Haneke, le perfectionnisme à l'état brut
Allez, après quelques hommages à des cinéastes français décédés (Corneau, Miller, Chabrol), pourquoi ne pas changer de cap et rendre hommage à des cinéastes étrangers, et si possibles vivants? Cela serait un peu plus léger, comme perspective, vous ne trouvez pas?
Bon léger, c'est vite dit, car c'est pour parler de Michael Haneke, qui n'est pas non plus le plus fun et le plus divertissant de nos cinéastes en activité, mais alors que le festival bat son plein ( je reviens trés vite dessus pour faire un premier bilan), quoi de plus adéquat que de parler du cinéaste qui a été consacré l'année dernière, non seulement par le Festival du Président Moretti, mais également par les Césars et les Oscars?
J'ai en effet lu passé la soirée avec Michael Haneke pour essayer de percer les secrets de son cinéma, qui a, pour la première fois, fait la quasi unanimité l'année dernière avec son Amour dont j'avais vanté toutes les qualités dans un billet quand même un peu mitigé.

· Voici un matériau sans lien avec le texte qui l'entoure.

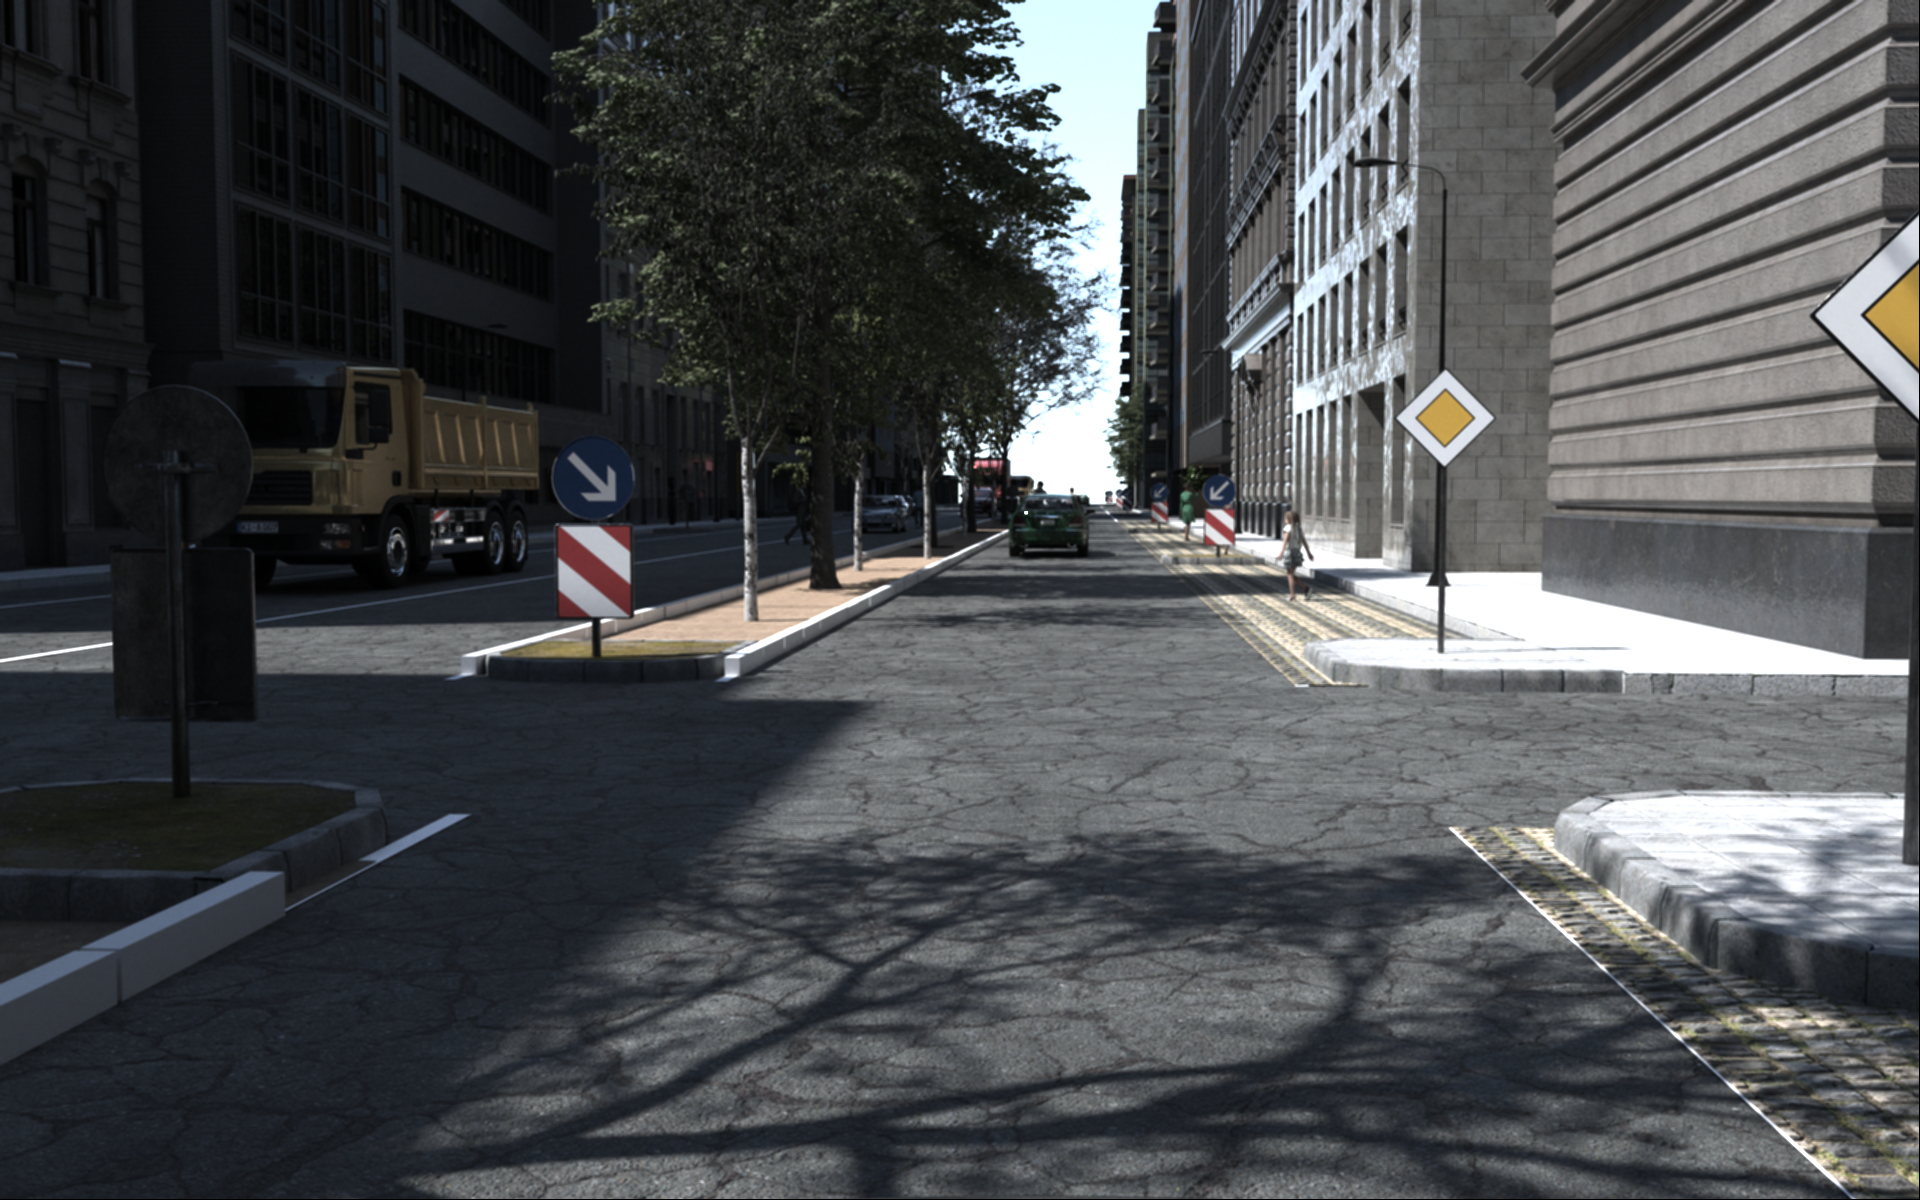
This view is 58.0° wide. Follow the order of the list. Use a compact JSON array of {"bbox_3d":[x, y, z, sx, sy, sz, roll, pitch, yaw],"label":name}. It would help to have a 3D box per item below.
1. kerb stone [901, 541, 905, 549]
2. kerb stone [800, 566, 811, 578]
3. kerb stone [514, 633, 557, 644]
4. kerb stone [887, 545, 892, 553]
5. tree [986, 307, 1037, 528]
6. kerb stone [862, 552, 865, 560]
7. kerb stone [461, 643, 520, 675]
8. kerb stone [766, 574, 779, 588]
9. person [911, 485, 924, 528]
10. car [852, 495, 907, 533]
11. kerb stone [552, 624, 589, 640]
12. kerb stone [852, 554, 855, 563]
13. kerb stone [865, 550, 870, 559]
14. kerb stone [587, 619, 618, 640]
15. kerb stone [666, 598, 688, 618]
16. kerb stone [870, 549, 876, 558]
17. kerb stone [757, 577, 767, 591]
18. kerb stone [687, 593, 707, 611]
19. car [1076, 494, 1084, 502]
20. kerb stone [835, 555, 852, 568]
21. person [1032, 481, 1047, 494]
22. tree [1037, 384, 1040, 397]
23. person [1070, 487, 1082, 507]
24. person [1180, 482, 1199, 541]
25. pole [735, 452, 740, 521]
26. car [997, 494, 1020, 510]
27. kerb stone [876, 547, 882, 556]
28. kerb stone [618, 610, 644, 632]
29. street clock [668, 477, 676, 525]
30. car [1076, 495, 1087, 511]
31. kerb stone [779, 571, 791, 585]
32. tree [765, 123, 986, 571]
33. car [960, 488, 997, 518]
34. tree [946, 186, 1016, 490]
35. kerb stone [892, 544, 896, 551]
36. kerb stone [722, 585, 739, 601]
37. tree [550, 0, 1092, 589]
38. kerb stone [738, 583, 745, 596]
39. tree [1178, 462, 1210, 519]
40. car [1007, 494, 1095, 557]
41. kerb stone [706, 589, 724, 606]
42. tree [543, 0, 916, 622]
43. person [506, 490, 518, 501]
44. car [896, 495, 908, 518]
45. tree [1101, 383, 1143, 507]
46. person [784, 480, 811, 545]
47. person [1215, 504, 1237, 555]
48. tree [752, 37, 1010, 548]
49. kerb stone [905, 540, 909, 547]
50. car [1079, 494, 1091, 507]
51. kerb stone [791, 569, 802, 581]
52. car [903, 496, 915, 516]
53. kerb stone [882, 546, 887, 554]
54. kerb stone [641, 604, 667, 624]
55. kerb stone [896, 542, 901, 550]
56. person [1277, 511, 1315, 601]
[{"bbox_3d":[-1.612,-1.389,44.914,0.120,0.150,1.000,0,4,4],"label":"kerb stone"},{"bbox_3d":[-2.724,-0.451,29.573,0.120,0.150,1.000,0,4,4],"label":"kerb stone"},{"bbox_3d":[-3.773,0.427,15.221,0.120,0.150,1.000,0,4,4],"label":"kerb stone"},{"bbox_3d":[-1.828,-1.202,41.856,0.120,0.150,1.000,0,4,4],"label":"kerb stone"},{"bbox_3d":[0.113,-6.266,55.277,4.737,8.622,4.395,0,3,0],"label":"tree"},{"bbox_3d":[-2.199,-0.889,36.723,0.120,0.150,1.000,0,4,4],"label":"kerb stone"},{"bbox_3d":[-3.852,0.489,14.198,0.120,0.150,1.000,0,4,4],"label":"kerb stone"},{"bbox_3d":[-2.958,-0.264,26.506,0.120,0.150,1.000,0,4,4],"label":"kerb stone"},{"bbox_3d":[-1.734,-3.959,73.254,0.660,1.820,0.620,-1,4,-12],"label":"person"},{"bbox_3d":[-2.998,-3.241,64.989,2.014,1.417,4.499,0,4,3],"label":"car"},{"bbox_3d":[-3.704,0.364,16.242,0.120,0.150,1.000,0,4,4],"label":"kerb stone"},{"bbox_3d":[-2.276,-0.826,35.703,0.120,0.150,1.000,0,4,4],"label":"kerb stone"},{"bbox_3d":[-2.131,-0.951,37.749,0.120,0.150,1.000,0,4,4],"label":"kerb stone"},{"bbox_3d":[-3.631,0.301,17.270,0.120,0.150,1.000,0,4,4],"label":"kerb stone"},{"bbox_3d":[-3.395,0.115,20.353,0.120,0.150,1.000,0,4,4],"label":"kerb stone"},{"bbox_3d":[-2.060,-1.014,38.778,0.120,0.150,1.000,0,4,4],"label":"kerb stone"},{"bbox_3d":[-3.022,-0.201,25.478,0.120,0.150,1.000,0,4,4],"label":"kerb stone"},{"bbox_3d":[-3.320,0.050,21.382,0.120,0.150,1.000,0,4,4],"label":"kerb stone"},{"bbox_3d":[11.516,-10.098,175.318,2.015,1.641,3.980,0,4,3],"label":"car"},{"bbox_3d":[-2.350,-0.764,34.683,0.120,0.150,1.000,0,4,4],"label":"kerb stone"},{"bbox_3d":[2.433,-2.861,55.080,0.655,1.846,0.447,-2,4,-32],"label":"person"},{"bbox_3d":[1.368,-7.305,72.248,4.737,8.622,4.395,0,3,0],"label":"tree"},{"bbox_3d":[5.140,-4.218,78.139,0.731,1.740,0.598,1,4,10],"label":"person"},{"bbox_3d":[6.906,-2.681,52.588,0.600,1.795,0.529,2,4,32],"label":"person"},{"bbox_3d":[-10.732,-5.486,83.545,0.158,3.312,0.155,0,3,0],"label":"pole"},{"bbox_3d":[4.220,-8.912,154.387,2.281,1.827,5.304,0,4,4],"label":"car"},{"bbox_3d":[-1.978,-1.075,39.796,0.120,0.150,1.000,0,4,4],"label":"kerb stone"},{"bbox_3d":[-3.554,0.238,18.306,0.120,0.150,1.000,0,4,4],"label":"kerb stone"},{"bbox_3d":[-11.961,-4.121,71.941,0.358,2.002,0.471,0,4,4],"label":"street clock"},{"bbox_3d":[5.332,-4.706,86.735,2.009,1.686,4.222,0,4,6],"label":"car"},{"bbox_3d":[-2.877,-0.326,27.535,0.120,0.150,1.000,0,4,4],"label":"kerb stone"},{"bbox_3d":[-1.909,-4.848,32.086,4.737,8.622,4.395,0,3,0],"label":"tree"},{"bbox_3d":[1.169,-6.041,107.439,2.281,1.827,5.304,0,4,4],"label":"car"},{"bbox_3d":[-0.715,-5.190,37.673,4.360,8.622,3.978,0,3,0],"label":"tree"},{"bbox_3d":[-1.757,-1.265,42.875,0.120,0.150,1.000,0,4,4],"label":"kerb stone"},{"bbox_3d":[-3.177,-0.075,23.428,0.120,0.150,1.000,0,4,4],"label":"kerb stone"},{"bbox_3d":[-1.980,-6.402,25.249,7.486,12.596,7.792,0,3,0],"label":"tree"},{"bbox_3d":[-3.101,-0.138,24.452,0.120,0.150,1.000,0,4,4],"label":"kerb stone"},{"bbox_3d":[12.155,-5.881,90.760,1.663,3.219,1.824,0,3,0],"label":"tree"},{"bbox_3d":[2.139,-1.788,41.028,2.131,1.459,4.920,0,4,4],"label":"car"},{"bbox_3d":[-3.253,-0.011,22.409,0.120,0.150,1.000,0,4,4],"label":"kerb stone"},{"bbox_3d":[-2.340,-4.042,18.906,4.360,8.622,3.978,0,3,0],"label":"tree"},{"bbox_3d":[-11.615,-2.208,44.813,0.699,1.804,1.509,-1,4,-8],"label":"person"},{"bbox_3d":[-4.123,-5.602,103.960,2.083,1.381,4.827,0,4,2],"label":"car"},{"bbox_3d":[18.142,-15.753,175.692,7.486,12.596,7.792,0,3,0],"label":"tree"},{"bbox_3d":[-4.564,-2.494,49.249,0.822,1.834,0.622,0,4,5],"label":"person"},{"bbox_3d":[6.176,-1.630,40.172,0.505,1.210,0.382,-2,4,-35],"label":"person"},{"bbox_3d":[-0.787,-8.134,45.820,12.009,13.543,11.850,0,3,0],"label":"tree"},{"bbox_3d":[-1.534,-1.452,45.933,0.120,0.150,1.000,0,4,4],"label":"kerb stone"},{"bbox_3d":[13.959,-11.443,198.883,2.131,1.459,4.920,0,4,5],"label":"car"},{"bbox_3d":[-2.795,-0.389,28.553,0.120,0.150,1.000,0,4,4],"label":"kerb stone"},{"bbox_3d":[-3.955,-6.144,113.033,1.945,1.354,3.894,0,4,6],"label":"car"},{"bbox_3d":[-1.906,-1.140,40.834,0.120,0.150,1.000,0,4,4],"label":"kerb stone"},{"bbox_3d":[-3.481,0.175,19.329,0.120,0.150,1.000,0,4,4],"label":"kerb stone"},{"bbox_3d":[-1.680,-1.327,43.894,0.120,0.150,1.000,0,4,4],"label":"kerb stone"},{"bbox_3d":[4.430,-0.577,22.950,0.505,1.210,0.382,-3,5,-44],"label":"person"}]

Ce livre, fruit de cinquante heures d'entretiens échelonnées sur deux ans entre Paris et Vienne, permet à cet homme secret et cinéaste exigeant "d'exprimer sa conception du 7e Art et sa perception du monde".
Haneke revient sur sa jeunesse et ses mises en scène au théâtre avant d'évoquer, film par film, son travail à la télévision et au cinéma, de ses débuts, en 1974, jusqu'à "Amour", son deuxième film à recevoir la Palme d'or (en 2012), après "Le Ruban blanc" en 2009.
Le fruit d’une alchimie entre des échanges passionnés de trois personnalités sur deux années écoulées, avec le cinéaste autrichien.
Au gré des échanges, anecdotes, récits et confidences sur l'art de faire un film se succèdent pour dégager l'image d'un créateur singulier, perfectionniste et plein d'humour, en dépit de l'univers sombre de son oeuvre.
Il raconte comment, adolescent, il était "révolté contre tout" puis avait songé devenir pasteur. Comment il a débuté au théâtre grâce à sa petite amie. Confie avoir vu "Le Miroir" de Tarkovski un nombre incalculable de fois et avoir été marqué à jamais par "Salô" de Pasolini: "je l'ai vu une seule fois, parce qu'il est terrifiant".
L'ouvrage est passionnant, tant l'homme n'est pas avare en confidences : on découvre l'envers du décor, le tournage des scènes de violence, de sexe, mais aussi "l'arrière-boutique", du choix des acteurs ( Haneke est très pointilleux sur le casting, pouvant imposer des acteurs contre les producteurs, ou changeant d'acteur principal en plein film car il ne lui donnait pas du tout satisfaction) au montage, sans oublier aux éclairages et décors, la musique, de l'adaptation d'un roman au cinéma.
Haneke nous dévoile également des anecdotes poignantes, comme la façon dont Annie Girardot , souffrant déjà de la maladie d'Alzheimer, est parvenue au bout du tournage de la Pianiste ou de Caché...
On découvre aussi quelques pans biographiques de la vie d'Haneke, ses débuts au théâtre, mais aussi des références, ses réflexions,ses propres critiques sur certains passages de ces films au résultat ne correspondant par à ses attentes, bref, il ne s'agit bien pas d'une explication de ses films, mais un bon moyen d'entrer dans cet univers particulier, et cela donne envie de voir ou de revoir certains films, d'un autre oeil, en étant plus attentif à certains détails évoqués dans ce livre.
Haneke par Haneke parvient à effacer, du moins en grande partie ( on voit quand même que l'homme possède un sacré caractère et sait ce qu'il veut) l’image un peu trop austère et moralisatrice de Michael Haneke controversé et dessine au contraire l’image d’un créateur contemporain, des plus singulier, mais qui est toujours taraudé par la recherche d'un vrai perfectionnisme.